What is being asked | Please repeat the entries below exactly as written, leaving out any images.

Records to use |
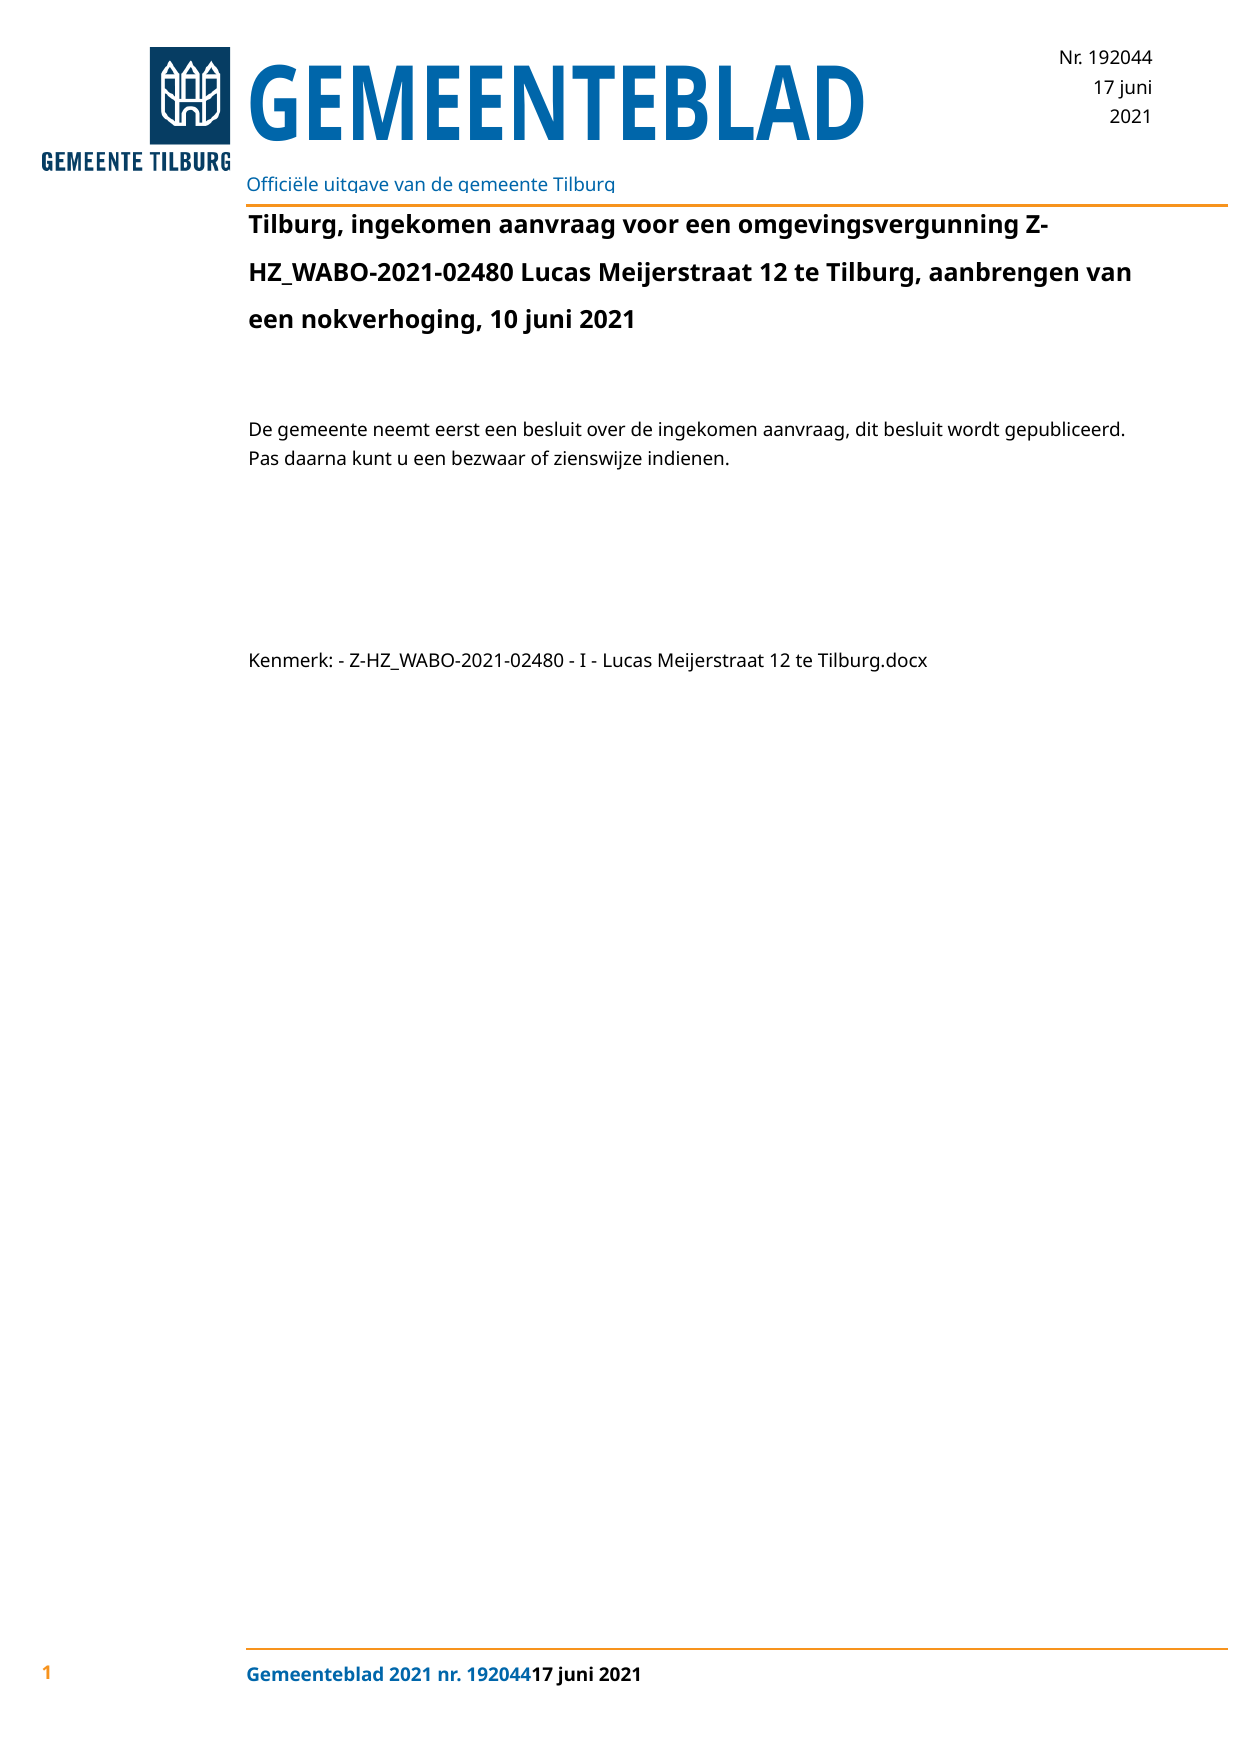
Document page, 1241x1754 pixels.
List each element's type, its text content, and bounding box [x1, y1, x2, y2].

text Tilburg, ingekomen aanvraag voor een omgevingsvergunning Z-HZ_WABO-2021-02480 Lucas Meijerstraat 12 te Tilburg, aanbrengen van een nokverhoging, 10 juni 2021 [248, 207, 1152, 336]
picture [41, 47, 231, 172]
text De gemeente neemt eerst een besluit over de ingekomen aanvraag, dit besluit wordt gepubliceerd. Pas daarna kunt u een bezwaar of zienswijze indienen. [248, 416, 1152, 471]
text Kenmerk: - Z-HZ_WABO-2021-02480 - I - Lucas Meijerstraat 12 te Tilburg.docx [248, 647, 1152, 673]

Exercise solution |
Document page, 1241x1754 pixels.
List each element's type, its text content, and bounding box [x1, y1, x2, y2].

text Tilburg, ingekomen aanvraag voor een omgevingsvergunning Z-HZ_WABO-2021-02480 Lucas Meijerstraat 12 te Tilburg, aanbrengen van een nokverhoging, 10 juni 2021 [248, 207, 1152, 336]
picture [41, 47, 231, 172]
text De gemeente neemt eerst een besluit over de ingekomen aanvraag, dit besluit wordt gepubliceerd. Pas daarna kunt u een bezwaar of zienswijze indienen. [248, 416, 1152, 471]
text Kenmerk: - Z-HZ_WABO-2021-02480 - I - Lucas Meijerstraat 12 te Tilburg.docx [248, 647, 1152, 673]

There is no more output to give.